Nit: Google has been pretty generous in supporting developers outside the company. Eg., see Golang, Kubernetes, JS closure library, protofubf, bazel, and many more at github.com/google.

Not to mention being a top contributor to the Linux kernel, clang/llvm, mysql, doing almost everyone's security research for them (including, notoriously, finding most of the issues that get released in Apple security patches), etc. Facebook sure does a better job of evangelizing their own open source stuff, but I'm not sure that means they're actually contributing more. Even some of Facebook's "contributions" are ripped off from Google, like buck.

Buck was not "ripped off" from Google any more than Hadoop was "ripped off" from Google.

Buck is a nearly verbatim clone of the build system used inside Google, except that the word "blaze" has been replaced by the word "buck", and it was written by xooglers at facebook.

Netflix has a pretty awesome open source library, they are worth checking out as well. https://netflix.github.io/

It's funny you should mention Netflix.
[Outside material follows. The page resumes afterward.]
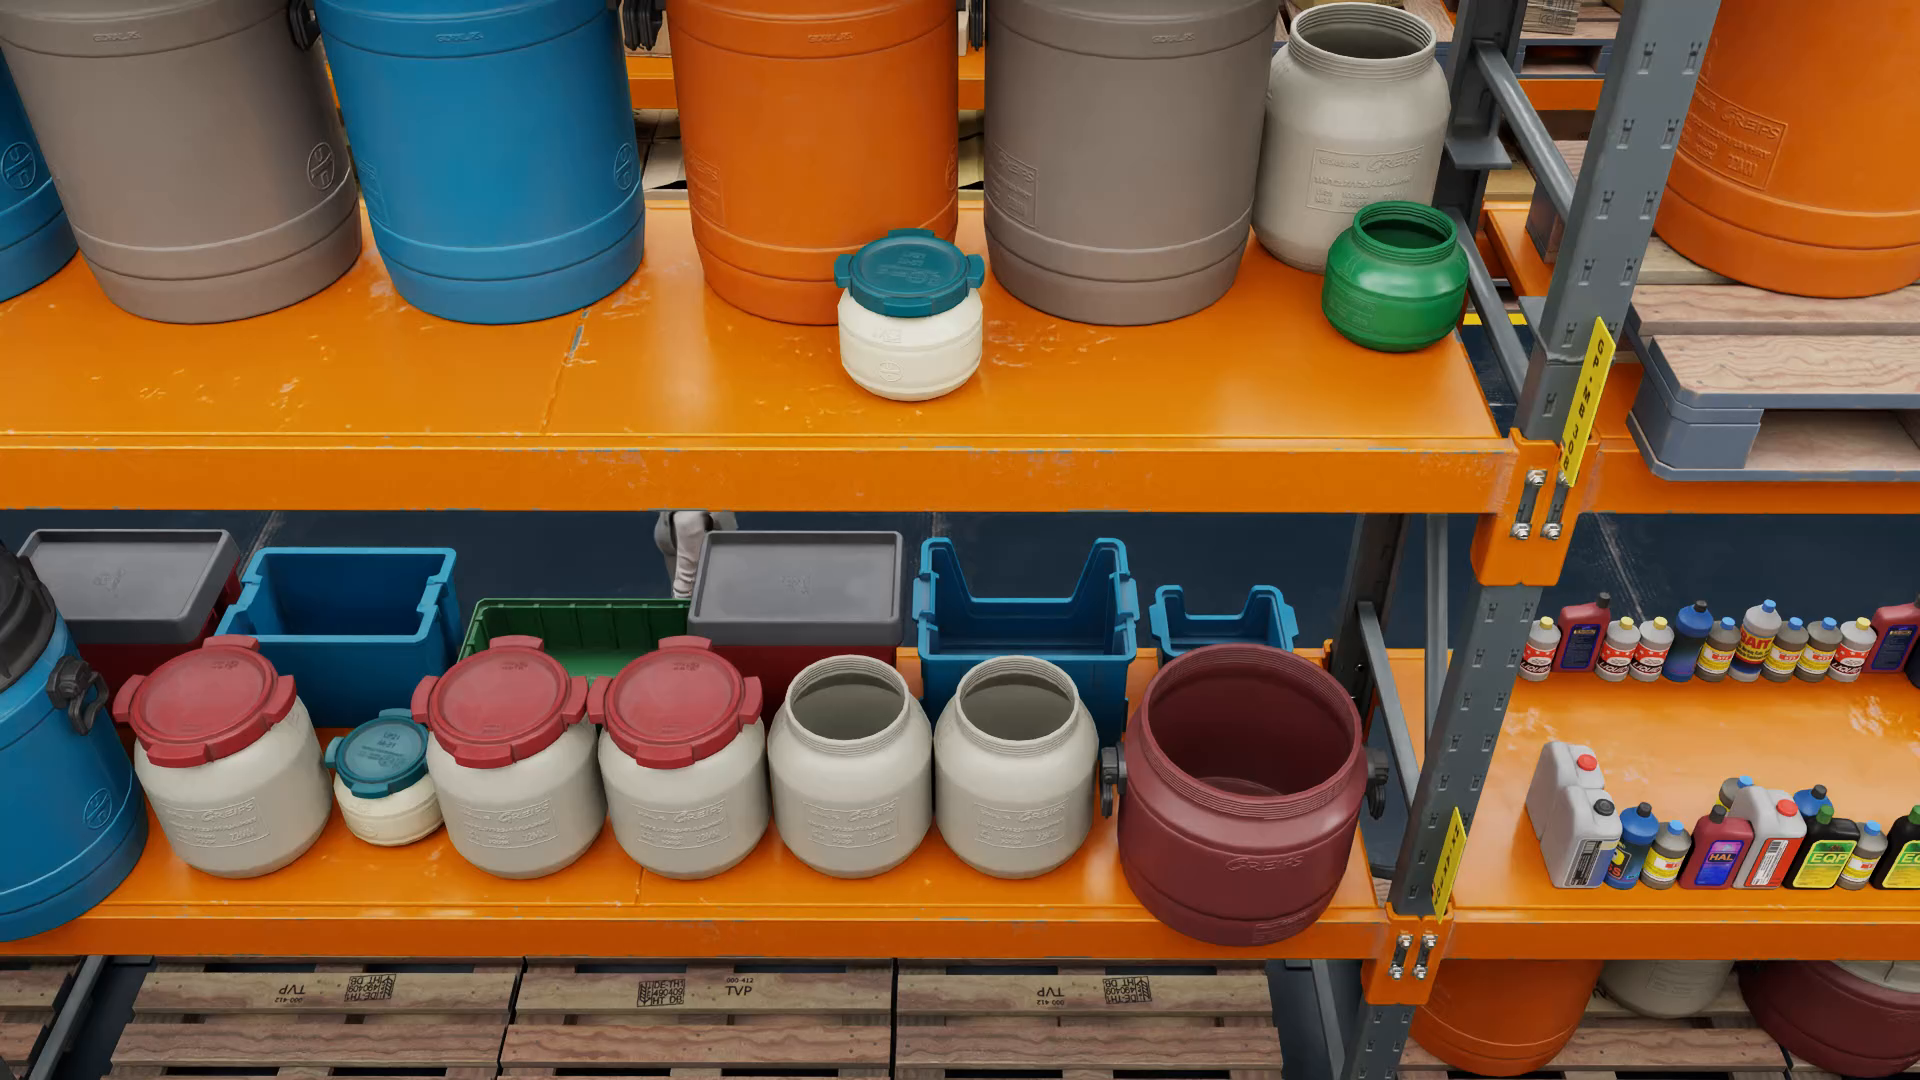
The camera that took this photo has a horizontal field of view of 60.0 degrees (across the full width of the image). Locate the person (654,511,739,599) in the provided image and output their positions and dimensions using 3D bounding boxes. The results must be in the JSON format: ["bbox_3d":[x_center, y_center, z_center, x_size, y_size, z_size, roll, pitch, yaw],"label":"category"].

They demoed something called Falkor two years ago that is/was extremely similar to Relay/GraphQL. It's unfortunate that it's made so little progress in the past two years, but it wouldn't surprise me of the talks on Falkor had influenced or inspired Facebook's implementation.

For those that want links:




I remember from a David Nolen talk that Relay/GraphQL and Falkor were actually developed in complete isolation from each other, believe it or not.

The fact that these two companies came up with the same idea independently just reinforces how truly beneficial it must be.

I can't wait to try Om Next's implementation of this concept in my apps!

fwiw Jafar announced last week it would be open sourced in the next couple of weeks [1], and a number of people have access already and are helping with documentation and the like.

Falcor and Relay are conceptually similar but Relay is much more of a query engine, and Falcor isn't so much.

[1] https://plus.google.com/events/ca3l6qalpu0uqcce58a379006m0

> two years ago

AFAIK Falcor was announced just six months ago in spring 2015; I assume it is making progress towards a release. Relay wasn't based on it.

You're mistaken. My first exposure to it was a talk at QCon in Nov 2013. It wasn't posted publicly online until Feb 2014, but here's the link: http://www.infoq.com/presentations/netflix-reactive-rest

Edit: I meant to write "...stay light years ahead."